I also implemented a flag for using the local cover.jpg file in the HTML page. Since we are using the 1_1 type image, the dimensions are different now. Should we make this the default (downloaded 1x1 image), download both images (1x1 and 3x4), change which online image we use (to 1x1), or just leave it as is (with inconsistent size/shape between HTML files)?

The question, though, for both the HTML change and the audio embed change is if we should override the old files or not. Should there be a --override flag for them? There is no way to tell, anymore, what is going on with them, except for by parsing the output files.

Also, if there is already a cover.jpg file in the directory, but no --save-cover flag, should we delete it? For example, say we have the --embed-cover-art flag enabled (without --save-cover). This would indicate to 1) download cover.jpg, 2) embed it in the concat audio file, and finally: 3) delete cover.jpg. However, if there is already a cover.jpg file from before, then the default behavior would be to delete it. (Unless we add a step "0": detect and store if we have cover.jpg and change step "3" to "delete cover.jpg if it did not exist at step "0".)

@leoncvlt @itsBREX How do you think that should these concerns shoul be handled?

leoncvlt commented 4 years ago

Hey, thanks for looking into this! New ffmpeg command looks ace. Regarding the rest:

I think it's fine to use the 1_1 image in the html file as well for consistency purposes and making it the default - with the current html template, switching from 3_4 to 1_1 does not visually change anything.
I don't think we should worry about having to overwrite the "old" html / audio files or adding check cases - in the end this is more of a visual / convenience update, it doesn't really impact the functionality. I think it's enough to add a changelog / section on the readme, and if people want the html files using locally cached images or audio files with the cover art, they could just run the script again.
Let's just give the temporary downloaded cover art for embedding its own unique filename, like _coverart.jpg or something like that. That means it would be technically downloaded twice in the scenario where the user choose to embed the cover image as well as downloading it to the folder, but it won't cause any conflict with the other cover.jpg file when downloading / deleting it.

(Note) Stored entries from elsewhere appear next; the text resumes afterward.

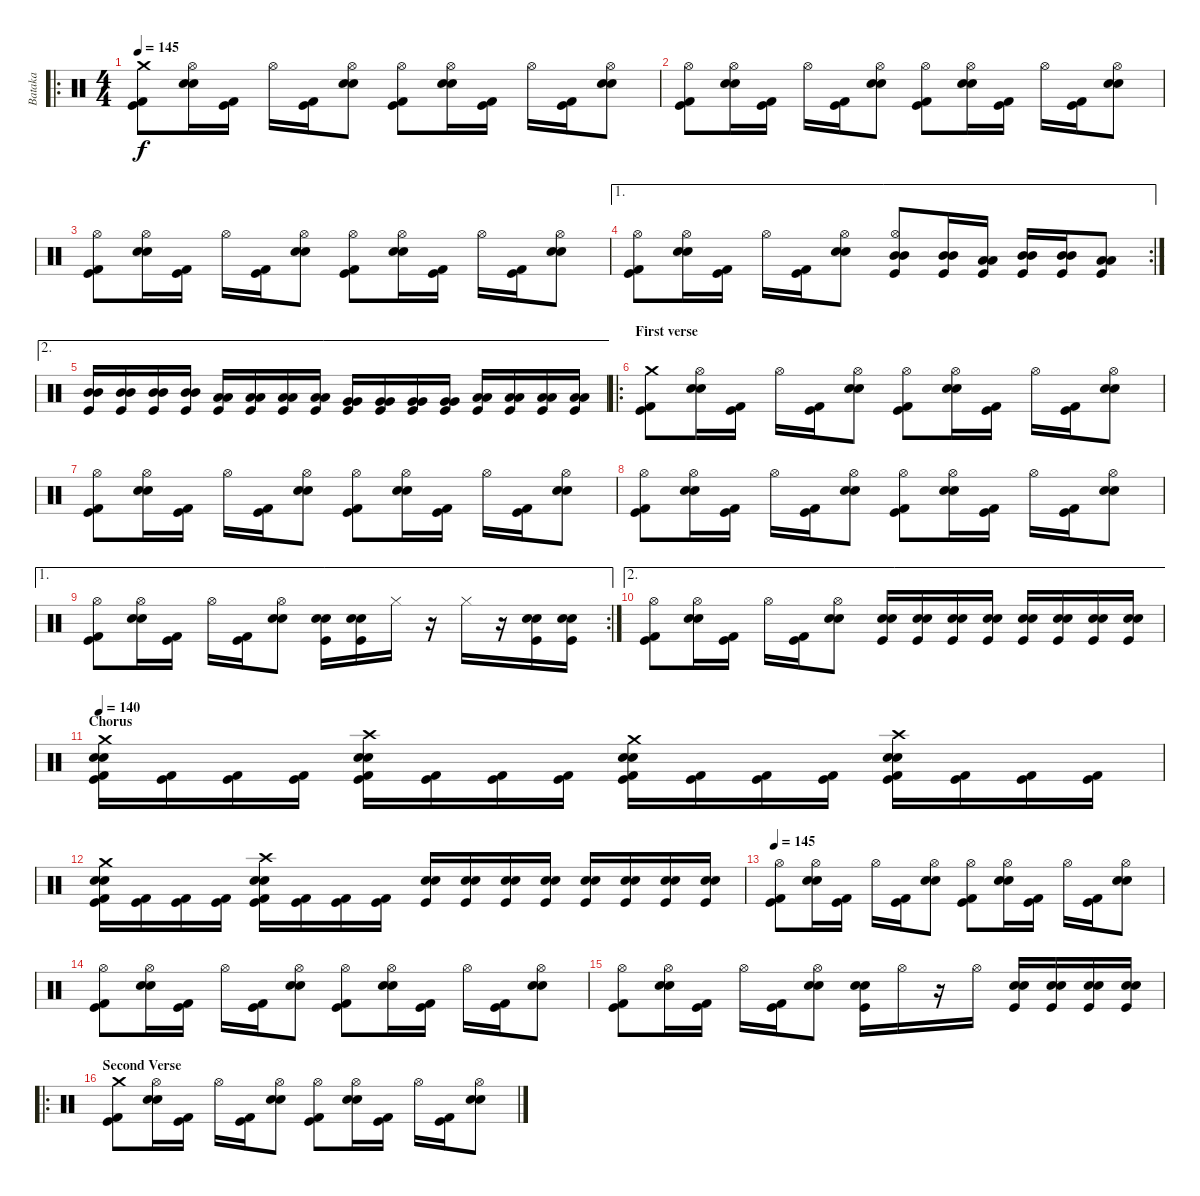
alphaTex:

\track ("Bataka" "Bataka") {instrument percussion}
\staff {score}
\articulation defaults
\ro
\ts (4 4)
\tempo 145
\clef neutral
\ks c
("Crash medium (hit)" "Kick (hit) 2" "Kick (hit)").8{dy f} ("Hi-Hat (open)" "Snare (hit) 2" "Snare (hit) 2").16 ("Kick (hit) 2" "Kick (hit)").16 "Hi-Hat (open)".16 ("Kick (hit) 2" "Kick (hit)").16 ("Hi-Hat (open)" "Snare (hit) 2" "Snare (hit) 2").8 ("Hi-Hat (open)" "Kick (hit) 2" "Kick (hit)").8 ("Hi-Hat (open)" "Snare (hit) 2" "Snare (hit) 2").16 ("Kick (hit) 2" "Kick (hit)").16 "Hi-Hat (open)".16 ("Kick (hit) 2" "Kick (hit)").16 ("Hi-Hat (open)" "Snare (hit) 2" "Snare (hit) 2").8 |
("Hi-Hat (open)" "Kick (hit) 2" "Kick (hit)").8 ("Hi-Hat (open)" "Snare (hit) 2" "Snare (hit) 2").16 ("Kick (hit) 2" "Kick (hit)").16 "Hi-Hat (open)".16 ("Kick (hit) 2" "Kick (hit)").16 ("Hi-Hat (open)" "Snare (hit) 2" "Snare (hit) 2").8 ("Hi-Hat (open)" "Kick (hit) 2" "Kick (hit)").8 ("Hi-Hat (open)" "Snare (hit) 2" "Snare (hit) 2").16 ("Kick (hit) 2" "Kick (hit)").16 "Hi-Hat (open)".16 ("Kick (hit) 2" "Kick (hit)").16 ("Hi-Hat (open)" "Snare (hit) 2" "Snare (hit) 2").8 |
("Hi-Hat (open)" "Kick (hit) 2" "Kick (hit)").8 ("Hi-Hat (open)" "Snare (hit) 2" "Snare (hit) 2").16 ("Kick (hit) 2" "Kick (hit)").16 "Hi-Hat (open)".16 ("Kick (hit) 2" "Kick (hit)").16 ("Hi-Hat (open)" "Snare (hit) 2" "Snare (hit) 2").8 ("Hi-Hat (open)" "Kick (hit) 2" "Kick (hit)").8 ("Hi-Hat (open)" "Snare (hit) 2" "Snare (hit) 2").16 ("Kick (hit) 2" "Kick (hit)").16 "Hi-Hat (open)".16 ("Kick (hit) 2" "Kick (hit)").16 ("Hi-Hat (open)" "Snare (hit) 2" "Snare (hit) 2").8 |
\ae 1
\rc 2
("Hi-Hat (open)" "Kick (hit) 2" "Kick (hit)").8 ("Hi-Hat (open)" "Snare (hit) 2" "Snare (hit) 2").16 ("Kick (hit) 2" "Kick (hit)").16 "Hi-Hat (open)".16 ("Kick (hit) 2" "Kick (hit)").16 ("Hi-Hat (open)" "Snare (hit) 2" "Snare (hit) 2").8 ("Hi-Hat (open)" "Mid Tom (hit)" "Mid Tom (hit)" "Kick (hit)").8 ("Mid Tom (hit)" "Mid Tom (hit)" "Kick (hit)").16 ("Low Tom (hit)" "Low Tom (hit)" "Kick (hit)").16 ("Mid Tom (hit)" "Mid Tom (hit)" "Kick (hit)").16 ("Mid Tom (hit)" "Mid Tom (hit)" "Kick (hit)").16 ("Low Tom (hit)" "Low Tom (hit)" "Kick (hit)").8 |
\ae 2
("Mid Tom (hit)" "Mid Tom (hit)" "Kick (hit)").16 ("Mid Tom (hit)" "Mid Tom (hit)" "Kick (hit)").16 ("Mid Tom (hit)" "Mid Tom (hit)" "Kick (hit)").16 ("Mid Tom (hit)" "Mid Tom (hit)" "Kick (hit)").16 ("Low Tom (hit)" "Low Tom (hit)" "Kick (hit)").16 ("Low Tom (hit)" "Low Tom (hit)" "Kick (hit)").16 ("Low Tom (hit)" "Low Tom (hit)" "Kick (hit)").16 ("Low Tom (hit)" "Low Tom (hit)" "Kick (hit)").16 ("Very Low Tom (hit)" "Very Low Tom (hit)" "Kick (hit)").16 ("Very Low Tom (hit)" "Very Low Tom (hit)" "Kick (hit)").16 ("Very Low Tom (hit)" "Very Low Tom (hit)" "Kick (hit)").16 ("Very Low Tom (hit)" "Very Low Tom (hit)" "Kick (hit)").16 ("Low Floor Tom (hit)" "Low Floor Tom (hit)" "Kick (hit)").16 ("Low Floor Tom (hit)" "Low Floor Tom (hit)" "Kick (hit)").16 ("Low Floor Tom (hit)" "Low Floor Tom (hit)" "Kick (hit)").16 ("Low Floor Tom (hit)" "Low Floor Tom (hit)" "Kick (hit)").16 |
\ro
\section ("" "First verse")
("Crash medium (hit)" "Kick (hit) 2" "Kick (hit)").8 ("Hi-Hat (open)" "Snare (hit) 2" "Snare (hit) 2").16 ("Kick (hit) 2" "Kick (hit)").16 "Hi-Hat (open)".16 ("Kick (hit) 2" "Kick (hit)").16 ("Hi-Hat (open)" "Snare (hit) 2" "Snare (hit) 2").8 ("Hi-Hat (open)" "Kick (hit) 2" "Kick (hit)").8 ("Hi-Hat (open)" "Snare (hit) 2" "Snare (hit) 2").16 ("Kick (hit) 2" "Kick (hit)").16 "Hi-Hat (open)".16 ("Kick (hit) 2" "Kick (hit)").16 ("Hi-Hat (open)" "Snare (hit) 2" "Snare (hit) 2").8 |
("Hi-Hat (open)" "Kick (hit) 2" "Kick (hit)").8 ("Hi-Hat (open)" "Snare (hit) 2" "Snare (hit) 2").16 ("Kick (hit) 2" "Kick (hit)").16 "Hi-Hat (open)".16 ("Kick (hit) 2" "Kick (hit)").16 ("Hi-Hat (open)" "Snare (hit) 2" "Snare (hit) 2").8 ("Hi-Hat (open)" "Kick (hit) 2" "Kick (hit)").8 ("Hi-Hat (open)" "Snare (hit) 2" "Snare (hit) 2").16 ("Kick (hit) 2" "Kick (hit)").16 "Hi-Hat (open)".16 ("Kick (hit) 2" "Kick (hit)").16 ("Hi-Hat (open)" "Snare (hit) 2" "Snare (hit) 2").8 |
("Hi-Hat (open)" "Kick (hit) 2" "Kick (hit)").8 ("Hi-Hat (open)" "Snare (hit) 2" "Snare (hit) 2").16 ("Kick (hit) 2" "Kick (hit)").16 "Hi-Hat (open)".16 ("Kick (hit) 2" "Kick (hit)").16 ("Hi-Hat (open)" "Snare (hit) 2" "Snare (hit) 2").8 ("Hi-Hat (open)" "Kick (hit) 2" "Kick (hit)").8 ("Hi-Hat (open)" "Snare (hit) 2" "Snare (hit) 2").16 ("Kick (hit) 2" "Kick (hit)").16 "Hi-Hat (open)".16 ("Kick (hit) 2" "Kick (hit)").16 ("Hi-Hat (open)" "Snare (hit) 2" "Snare (hit) 2").8 |
\ae 1
\rc 2
("Hi-Hat (open)" "Kick (hit) 2" "Kick (hit)").8 ("Hi-Hat (open)" "Snare (hit) 2" "Snare (hit) 2").16 ("Kick (hit) 2" "Kick (hit)").16 "Hi-Hat (open)".16 ("Kick (hit) 2" "Kick (hit)").16 ("Hi-Hat (open)" "Snare (hit) 2" "Snare (hit) 2").8 ("Snare (hit) 2" "Snare (hit) 2" "Kick (hit)").16 ("Snare (hit) 2" "Snare (hit) 2" "Kick (hit)").16 "Hi-Hat (closed)".16 r.16 "Hi-Hat (closed)".16 r.16 ("Snare (hit) 2" "Snare (hit) 2" "Kick (hit)").16 ("Snare (hit) 2" "Snare (hit) 2" "Kick (hit)").16 |
\ae 2
("Hi-Hat (open)" "Kick (hit) 2" "Kick (hit)").8 ("Hi-Hat (open)" "Snare (hit) 2" "Snare (hit) 2").16 ("Kick (hit) 2" "Kick (hit)").16 "Hi-Hat (open)".16 ("Kick (hit) 2" "Kick (hit)").16 ("Hi-Hat (open)" "Snare (hit) 2" "Snare (hit) 2").8 ("Snare (hit) 2" "Snare (hit) 2" "Kick (hit)").16 ("Snare (hit) 2" "Snare (hit) 2" "Kick (hit)").16 ("Snare (hit) 2" "Snare (hit) 2" "Kick (hit)").16 ("Snare (hit) 2" "Snare (hit) 2" "Kick (hit)").16 ("Snare (hit) 2" "Snare (hit) 2" "Kick (hit)").16 ("Snare (hit) 2" "Snare (hit) 2" "Kick (hit)").16 ("Snare (hit) 2" "Snare (hit) 2" "Kick (hit)").16 ("Snare (hit) 2" "Snare (hit) 2" "Kick (hit)").16 |
\section ("" "Chorus")
\tempo 140
("Crash medium (hit)" "Snare (hit) 2" "Snare (hit) 2" "Kick (hit) 2" "Kick (hit)").16 ("Kick (hit) 2" "Kick (hit)").16 ("Kick (hit) 2" "Kick (hit)").16 ("Kick (hit) 2" "Kick (hit)").16 ("Crash high (hit)" "Snare (hit) 2" "Snare (hit) 2" "Kick (hit) 2" "Kick (hit)").16 ("Kick (hit) 2" "Kick (hit)").16 ("Kick (hit) 2" "Kick (hit)").16 ("Kick (hit) 2" "Kick (hit)").16 ("Crash medium (hit)" "Snare (hit) 2" "Snare (hit) 2" "Kick (hit) 2" "Kick (hit)").16 ("Kick (hit) 2" "Kick (hit)").16 ("Kick (hit) 2" "Kick (hit)").16 ("Kick (hit) 2" "Kick (hit)").16 ("Crash high (hit)" "Snare (hit) 2" "Snare (hit) 2" "Kick (hit) 2" "Kick (hit)").16 ("Kick (hit) 2" "Kick (hit)").16 ("Kick (hit) 2" "Kick (hit)").16 ("Kick (hit) 2" "Kick (hit)").16 |
("Crash medium (hit)" "Snare (hit) 2" "Snare (hit) 2" "Kick (hit) 2" "Kick (hit)").16 ("Kick (hit) 2" "Kick (hit)").16 ("Kick (hit) 2" "Kick (hit)").16 ("Kick (hit) 2" "Kick (hit)").16 ("Crash high (hit)" "Snare (hit) 2" "Snare (hit) 2" "Kick (hit) 2" "Kick (hit)").16 ("Kick (hit) 2" "Kick (hit)").16 ("Kick (hit) 2" "Kick (hit)").16 ("Kick (hit) 2" "Kick (hit)").16 ("Snare (hit) 2" "Snare (hit) 2" "Kick (hit)").16 ("Snare (hit) 2" "Snare (hit) 2" "Kick (hit)").16 ("Snare (hit) 2" "Snare (hit) 2" "Kick (hit)").16 ("Snare (hit) 2" "Snare (hit) 2" "Kick (hit)").16 ("Snare (hit) 2" "Snare (hit) 2" "Kick (hit)").16 ("Snare (hit) 2" "Snare (hit) 2" "Kick (hit)").16 ("Snare (hit) 2" "Snare (hit) 2" "Kick (hit)").16 ("Snare (hit) 2" "Snare (hit) 2" "Kick (hit)").16 |
\tempo 145
("Hi-Hat (open)" "Kick (hit) 2" "Kick (hit)").8 ("Hi-Hat (open)" "Snare (hit) 2" "Snare (hit) 2").16 ("Kick (hit) 2" "Kick (hit)").16 "Hi-Hat (open)".16 ("Kick (hit) 2" "Kick (hit)").16 ("Hi-Hat (open)" "Snare (hit) 2" "Snare (hit) 2").8 ("Hi-Hat (open)" "Kick (hit) 2" "Kick (hit)").8 ("Hi-Hat (open)" "Snare (hit) 2" "Snare (hit) 2").16 ("Kick (hit) 2" "Kick (hit)").16 "Hi-Hat (open)".16 ("Kick (hit) 2" "Kick (hit)").16 ("Hi-Hat (open)" "Snare (hit) 2" "Snare (hit) 2").8 |
("Hi-Hat (open)" "Kick (hit) 2" "Kick (hit)").8 ("Hi-Hat (open)" "Snare (hit) 2" "Snare (hit) 2").16 ("Kick (hit) 2" "Kick (hit)").16 "Hi-Hat (open)".16 ("Kick (hit) 2" "Kick (hit)").16 ("Hi-Hat (open)" "Snare (hit) 2" "Snare (hit) 2").8 ("Hi-Hat (open)" "Kick (hit) 2" "Kick (hit)").8 ("Hi-Hat (open)" "Snare (hit) 2" "Snare (hit) 2").16 ("Kick (hit) 2" "Kick (hit)").16 "Hi-Hat (open)".16 ("Kick (hit) 2" "Kick (hit)").16 ("Hi-Hat (open)" "Snare (hit) 2" "Snare (hit) 2").8 |
("Hi-Hat (open)" "Kick (hit) 2" "Kick (hit)").8 ("Hi-Hat (open)" "Snare (hit) 2" "Snare (hit) 2").16 ("Kick (hit) 2" "Kick (hit)").16 "Hi-Hat (open)".16 ("Kick (hit) 2" "Kick (hit)").16 ("Hi-Hat (open)" "Snare (hit) 2" "Snare (hit) 2").8 ("Snare (hit) 2" "Snare (hit) 2" "Kick (hit)").16 "Hi-Hat (open)".16 r.16 "Hi-Hat (open)".16 ("Snare (hit) 2" "Snare (hit) 2" "Kick (hit)").16 ("Snare (hit) 2" "Snare (hit) 2" "Kick (hit)").16 ("Snare (hit) 2" "Snare (hit) 2" "Kick (hit)").16 ("Snare (hit) 2" "Snare (hit) 2" "Kick (hit)").16 |
\ro
\section ("" "Second Verse")
("Crash medium (hit)" "Kick (hit) 2" "Kick (hit)").8 ("Hi-Hat (open)" "Snare (hit) 2" "Snare (hit) 2").16 ("Kick (hit) 2" "Kick (hit)").16 "Hi-Hat (open)".16 ("Kick (hit) 2" "Kick (hit)").16 ("Hi-Hat (open)" "Snare (hit) 2" "Snare (hit) 2").8 ("Hi-Hat (open)" "Kick (hit) 2" "Kick (hit)").8 ("Hi-Hat (open)" "Snare (hit) 2" "Snare (hit) 2").16 ("Kick (hit) 2" "Kick (hit)").16 "Hi-Hat (open)".16 ("Kick (hit) 2" "Kick (hit)").16 ("Hi-Hat (open)" "Snare (hit) 2" "Snare (hit) 2").8

leoncvlt commented 4 years ago

Hey @rocketinventor, did you make any progress on this? If not I can give this a shot this weekend based on code snippets you shared earlier 😃

rocketinventor commented 4 years ago

@leoncvlt Yes, I did make progress. I did something similar to what you suggested with the _temp non-conflicting filename. But instead of downloading again, it will detect if the file exists already and just copy it. I have everything working for the audio file, and the HTML/EPUB (theoretically)/PDF generation. Making this part work smoothly with clean code is the step that I am at right now. I need to do some refactoring. I don't have so much time per day, and I have other modifications that I made locally for other purposes that I need to sort out...

As far as re-generating the HTML goes, there is no way to do this right now except to manually delete all the files that you want to be redone - running the script again for a book/books that were done already won't accomplish anything.

1x1 and 3x4 images do look slightly different, although one could argue that the 1x1 looks better. See the case study below.

Before:

After:

Note: on most covers, the difference is less pronounced - the only difference is that the artwork doesn't seem to be cut off.

leoncvlt commented 4 years ago

Implemented in #20 thanks to @rocketinventor's amazing work!